Publication Date : 09-01-2014

 

Former president retired Gen Pervez Musharraf will soon leave Pakistan for medical treatment abroad, the US media reported on Wednesday. In two separate reports, Los Angeles Times and CBSNEWS cited security and intelligence officials as telling their correspondents that Gen Musharraf might leave the country by the end of this month. The reports did not identify the sources.

“It is good for everybody, including Musharraf, that he would go out of the country,” a senior security official told LA Times in Islamabad.

CBSNEWS reported that members of Musharraf’s family and intelligence officials told its correspondents that the former president was expected to leave the country for medical treatment by the end of January.

Other sources said the military played a key role in persuading Musharraf to go, although he wanted to stay and do politics. They claimed that days before the May elections, the then interim government also attempted to send Musharraf out of the country.

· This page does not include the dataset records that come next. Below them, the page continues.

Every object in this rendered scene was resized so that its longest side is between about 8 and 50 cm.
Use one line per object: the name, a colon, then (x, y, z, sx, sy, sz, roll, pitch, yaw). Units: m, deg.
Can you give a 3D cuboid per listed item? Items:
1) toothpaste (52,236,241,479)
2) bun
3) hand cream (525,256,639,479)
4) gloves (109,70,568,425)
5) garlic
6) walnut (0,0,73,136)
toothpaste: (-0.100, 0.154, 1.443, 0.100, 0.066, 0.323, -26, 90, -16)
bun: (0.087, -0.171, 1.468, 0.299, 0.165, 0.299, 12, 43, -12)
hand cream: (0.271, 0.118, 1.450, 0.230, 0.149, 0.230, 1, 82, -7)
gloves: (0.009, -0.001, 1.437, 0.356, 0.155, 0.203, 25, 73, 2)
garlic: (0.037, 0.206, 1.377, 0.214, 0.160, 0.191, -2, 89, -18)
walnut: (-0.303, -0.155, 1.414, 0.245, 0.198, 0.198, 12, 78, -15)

A friendly country was willing to transport Musharraf to a destination in the Gulf from where he was to be moved to Britain, to be with his ailing mother. The plan failed because Musharraf refused to leave.

“Apparently, Musharraf has now agreed to leave and his former colleagues in the military (that is, retired generals) also helped convince him,” said one source.

Last Thursday, Musharraf was rushed to the Armed Forces Institute of Cardiology in Rawalpindi after he complained of chest pain en route to a court in Islamabad.

On Tuesday, a special court trying the former military ruler said it was examining a medical report to decide whether Musharraf could be excused from appearing in court while he remained hospitalised.

The treason charges, which carry the death penalty or life imprisonment, relate to events in 2007 when Musharraf imposed a state of emergency and several judges and protesters were detained.

The LA Times noted that Musharraf’s presence in Pakistan had become “a political headache” for the 6-month-old government of Prime Minister Nawaz Sharif.

“By attempting for the first time to prosecute a former senior military figure, Sharif’s government has ignited tensions with an all-powerful army establishment that is loath to see a former leader humiliated in a civilian court,” the newspaper observed.

“Army leaders were said to be frustrated with Musharraf’s decision to return to Pakistan last year.”

The hospitalisation of a person who appeared to be in good health in media appearances also fuelled speculations that the military was determined not to let Musharraf stand trial, the Times noted.

“Analysts said that Musharraf’s departure for medical reasons increasingly seemed to be the only way to resolve the standoff between the government and the arm over his fate,” the newspaper concluded.